4) Asia Pacific sales
-The Company’s Asia Pacific segment had sales of USD 504.0 million in the fiscal year ended December 31, 2019, decreasing 11.8% from the previous year. The segment’s had a net increase in sales from acquisitions and divestitures. However, this was offset by decreased sales from decreased volumes and negative foreign currency exchange effects.

5) South America sales
-The South America segment’s sales decreased by 3.6% in the fiscal year ended December 31, 2019 to USD 94.5 million. While the segment had increased in sales due to improved volumes and product mix, negative foreign currency exchange effects offset those gains.

Restructuring

-The Company has completed the divestiture of its anti-vibration systems (AVS) business to Continental AG. The total sale price of the transaction was USD 265.5 million, subject to certain adjustments. The divested AVS business has approximately 1,000 employees and offers a comprehensive portfolio of anti-vibration systems, technologies and products to automotive OEMs that mitigate vehicle NVH (noise, vibration and harshness), and enhance ride and handling. The Company will work closely with Continental AG to ensure a smooth transition for all stakeholders. (From a press release on April 1, 2019)
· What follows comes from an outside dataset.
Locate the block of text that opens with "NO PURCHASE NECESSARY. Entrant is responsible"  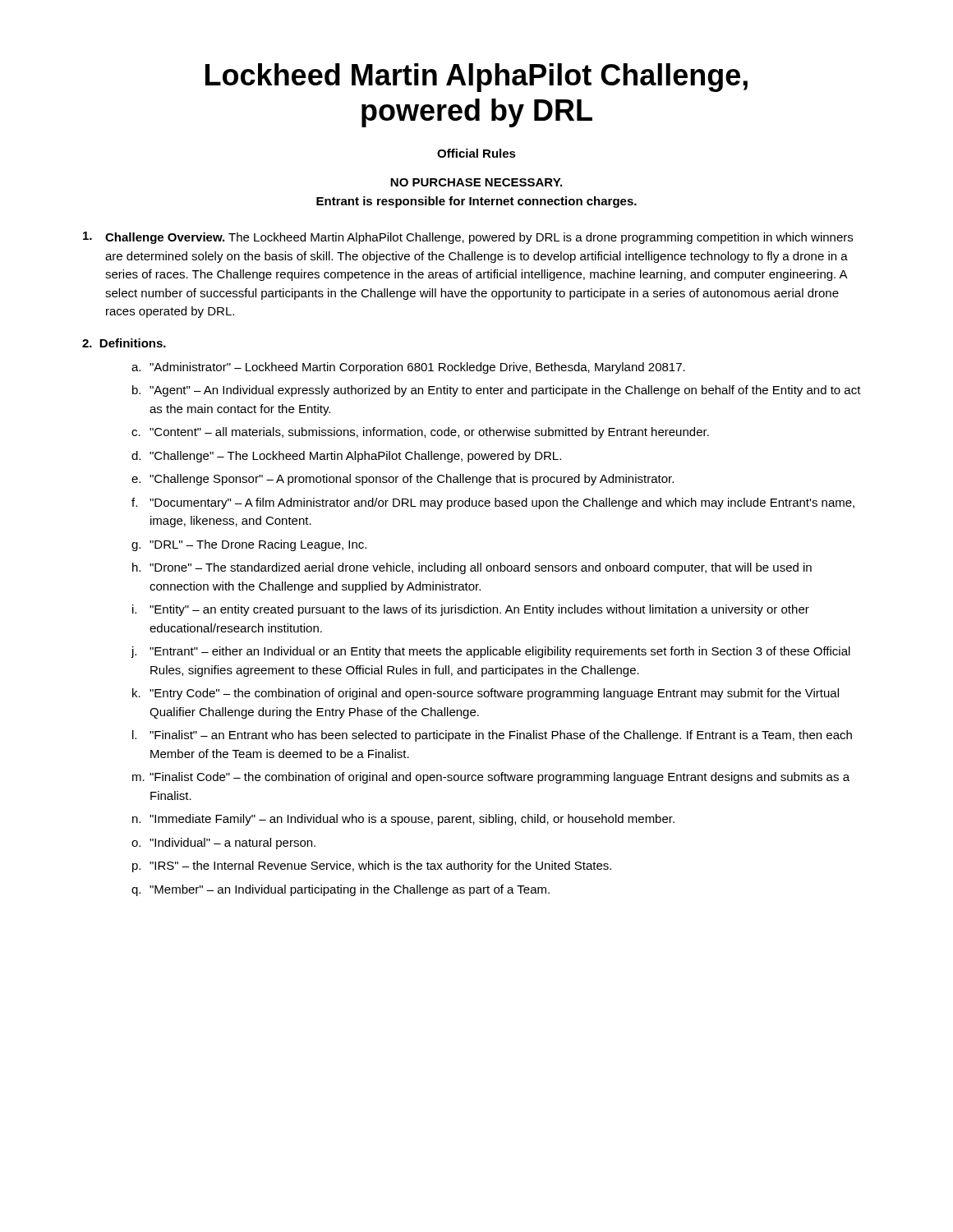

-Continental received unconditional approval from all relevant antitrust authorities for the acquisition of the Anti-Vibration Systems (AVS) business of the Company. Continental will close the acquisition of the Company’s AVS business as planned in the first half of the year. The acquisition of the AVS business was agreed on November 1, 2018. The Company’s AVS unit runs five production sites including R&D facilities in Canada, France, India and the U.S. and has a workforce of approximately 1,000 employees. The AVS business brings extensive expertise in vibration control technology and sound insulation and will enhance Continental’s capabilities in these fields. The unit develops global anti-vibration solutions that mitigate noise, vibration and harshness in vehicles and thus improve suspension comfort and handling. (From a press release on March 5, 2019)

Contracts

-The Company announced that it will supply the 2020 Ford Explorer with various sealing and fluid transfer systems. These will include a static sealing system utilizing the Company’s Fortrex material, engine cooling hose assemblies with e-motor and battery cooling systems; and transmission oil cooler hose assemblies. (From a press release on January 14, 2019)

Awards

-General Motors awarded the Company with a GM Supplier of the Year award during its awards ceremony held on May 15, 2019. This marks the second consecutive year in which the Company has received the award. The award is given based on criteria in product purchasing, global purchasing and manufacturing services, customer care and aftersales, and logistics. (From a press release on May 17, 2019)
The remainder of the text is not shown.